In one study, he took 12 subjects who complained of sleep problems, pain and stress and had them sleep on Earthing pads—one of a series of electromagnetic devices made for the purpose of these studies—for eight weeks. Ober’s team measured subjects’ cortisol levels and discovered that grounding during sleep resynchronizes hormone secretion with its natural, normal rhythm. Subjects reported faster and better sleep, as well as reduced emotional stress and pain within the first few days.

In another study, they grounded 29 premature babies with electro-patches for 30 to 40 minutes in incubators who were said to feel anxious or become colicky.

“We saw a 70 percent improvement,” Ober says, noting that it “normalized heart rate variability and nervous systems,” adding: “There is no placebo effect with infants.”

“It makes sense,” says Hoscheit, who practiced Earthing long before it was given a name. “More and more, we’re spending time indoors surrounded by man-made products that off-gas chemicals and negatively affect our physiology and energy. The impact I notice of regularly peeling off my shoes and putting my feet in the grass, dirt or sand helps to neutralize that.” She too reports more regular sleep cycles and less pain day to day.

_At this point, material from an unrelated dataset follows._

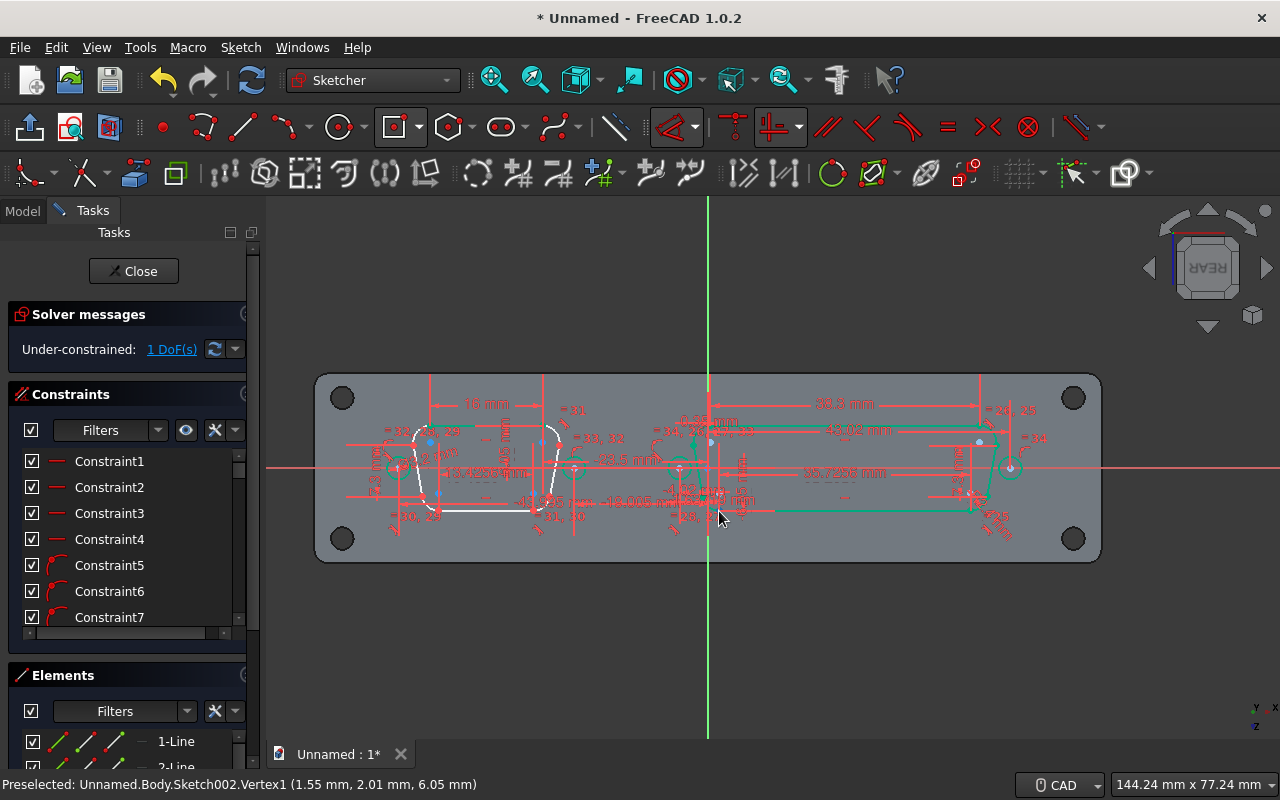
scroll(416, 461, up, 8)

Ober accidentally happened upon a line of grounding accessories throughout years of study. The public wanted a way to ground through the night or long winters where going barefoot wasn’t possible. He hopes that demand will grow to the footwear industry. “We need to study this further and fix our shoes,” he says. “But Nike isn’t going to make conductive shoes until people ask for them.”

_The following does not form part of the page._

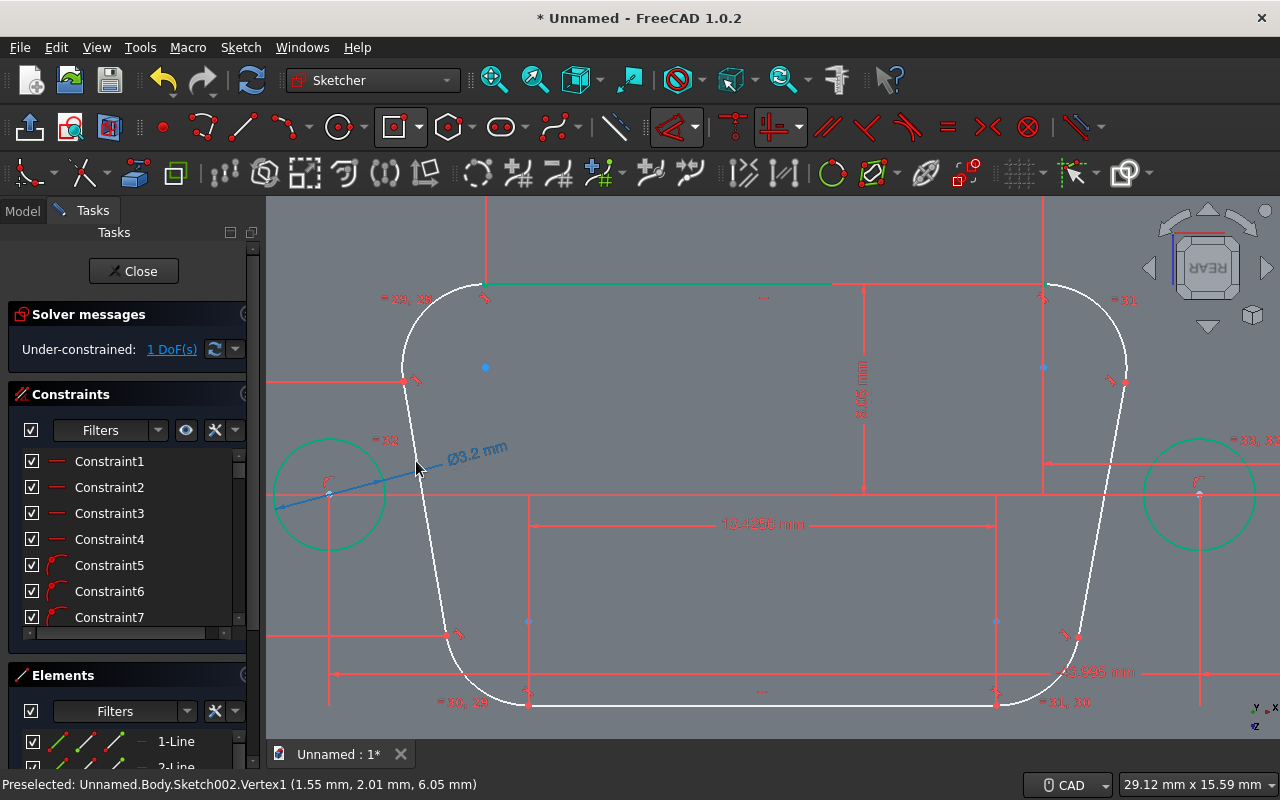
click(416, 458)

For change to happen, enough people must understand the challenges and demand it, he says.

“My clients often ask me, ‘Where’s the scientific evidence?’ And I tell them, ‘Let your own experience be proof enough for you. You have nothing to lose by spending time trying it. Put your feet in the grass for a week…spend a week gardening with your hands in the dirt.’”

The only drawback: “Just be more cautious when hiking barefoot,” he says, “if you want to avoid broken toes.”